Fortunately, Bacalhau provides an API, used by the command line interface, which means anything you can do in the CLI, you can do via its API. This provides even more flexibility in presentation, making it possible to build specialized interfaces for different use-cases. As an example of how you can use the Python SDK to build a specialized interface, you can take a look at the Distributed Data Warehouse Client which allows you to store commonly keyed information in a configuration file. This program of <200 lines of code let’s us move away from querying all regional stores like this rather lengthy command.
$ bacalhau \
docker run \
-s region=EU \
--target=all \
-p $PUBLISHER \
-i $TRXN_DATA_INPUT \
expanso/duckdb-ddw:0.0.1 \
"COPY
(SELECT DISTINCT(Country) as Country FROM '/inputs/trxn.csv' ORDER BY(Country))
TO '/outputs/results.csv' (HEADER, DELIMITER ',');"

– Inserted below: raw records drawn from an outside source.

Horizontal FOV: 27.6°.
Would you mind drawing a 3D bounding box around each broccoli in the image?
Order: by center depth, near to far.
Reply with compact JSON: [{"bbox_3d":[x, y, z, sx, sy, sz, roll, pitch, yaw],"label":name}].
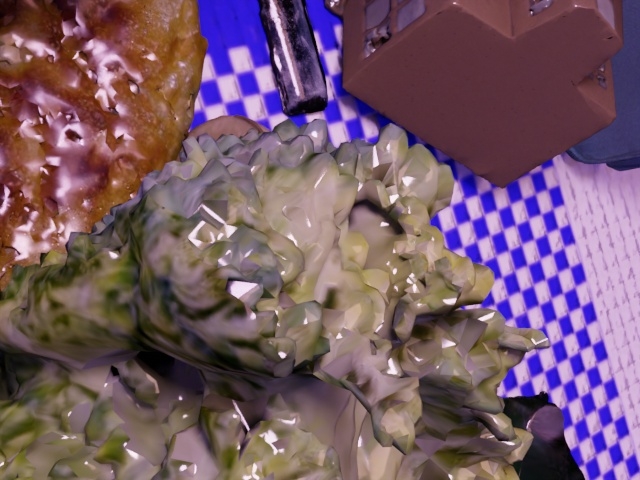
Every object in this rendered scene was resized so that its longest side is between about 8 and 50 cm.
[{"bbox_3d":[-0.041,0.146,0.574,0.277,0.338,0.318,21,49,-53],"label":"broccoli"}]

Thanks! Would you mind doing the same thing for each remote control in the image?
[{"bbox_3d":[-0.017,-0.128,0.834,0.039,0.014,0.096,-15,91,-42],"label":"remote control"}]

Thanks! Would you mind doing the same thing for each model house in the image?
[{"bbox_3d":[0.122,-0.200,0.892,0.181,0.176,0.248,27,49,-34],"label":"model house"}]

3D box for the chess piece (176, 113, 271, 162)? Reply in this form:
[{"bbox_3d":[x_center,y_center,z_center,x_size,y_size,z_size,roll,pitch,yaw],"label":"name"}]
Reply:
[{"bbox_3d":[0.000,0.000,0.792,0.200,0.090,0.090,27,65,-47],"label":"chess piece"}]

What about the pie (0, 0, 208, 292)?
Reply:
[{"bbox_3d":[-0.197,-0.088,0.611,0.288,0.103,0.355,29,65,-27],"label":"pie"}]

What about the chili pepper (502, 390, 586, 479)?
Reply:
[{"bbox_3d":[0.075,0.169,0.792,0.264,0.116,0.148,0,85,-41],"label":"chili pepper"}]

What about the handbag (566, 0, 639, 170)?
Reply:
[{"bbox_3d":[0.261,-0.173,0.977,0.062,0.179,0.229,10,78,-40],"label":"handbag"}]
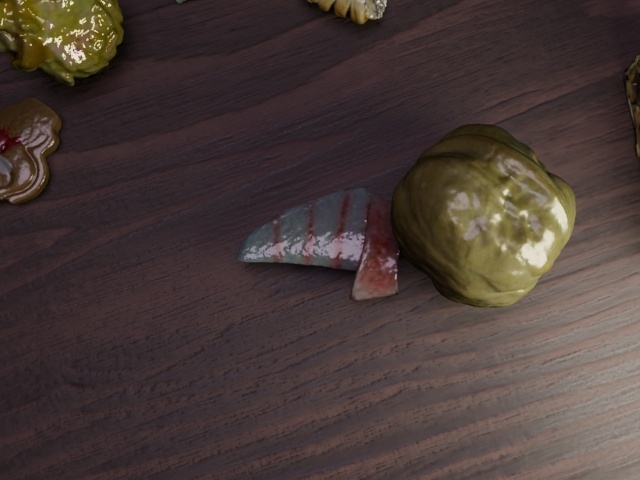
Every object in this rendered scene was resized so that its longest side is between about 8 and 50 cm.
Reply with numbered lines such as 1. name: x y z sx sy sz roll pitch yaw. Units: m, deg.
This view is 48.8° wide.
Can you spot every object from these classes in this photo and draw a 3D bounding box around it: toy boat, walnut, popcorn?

We are able to move to querying like the following and get merged results written locally, ready for opening in a spreadsheet or further processing. So quite neat and way simpler.
$ poetry run ddw -a -s region=EU "SELECT DISTINCT(Country) as Country FROM '/inputs/transactions.csv' ORDER
BY(Country)"
Submitted job: d802752f-e0b1-417a-8b98-55381ce4f7fb
Output written to: output-d802752f.csv
Note: Only the first line is the input by us, the rest is the response from the system itself.
After checking you have the dependencies described in the repository you can install this client to try it out with
git clone
cd examples/distributed-datawarehouse
poetry install
Whilst this vastly reduces the complexity of the interface, not to mention the amount of typing, it is really just a starting point, beyond which it is possible to imagine a more complete user interface that allows you to recall previous queries and see results in different formats.
Conclusion
Bacalhau’s distributed computing approach enables retailers to address the limitations of centralized data processing. By adopting Bacalhau, retail chains can fully utilize their geographically dispersed data, gaining real-time insights, improving security, and achieving cost savings.
We hope this tutorial has demonstrated how to leverage Bacalhau’s features effectively. We’ve seen how to use labels and selectors to target specific nodes or node groups globally. We also covered how easy it is to switch from built-in storage to S3-compatible options by changing the publisher. Lastly, by utilizing Bacalhau’s robust API and the Python SDK, we can enhance user experiences with straightforward tools where interactivity is essential.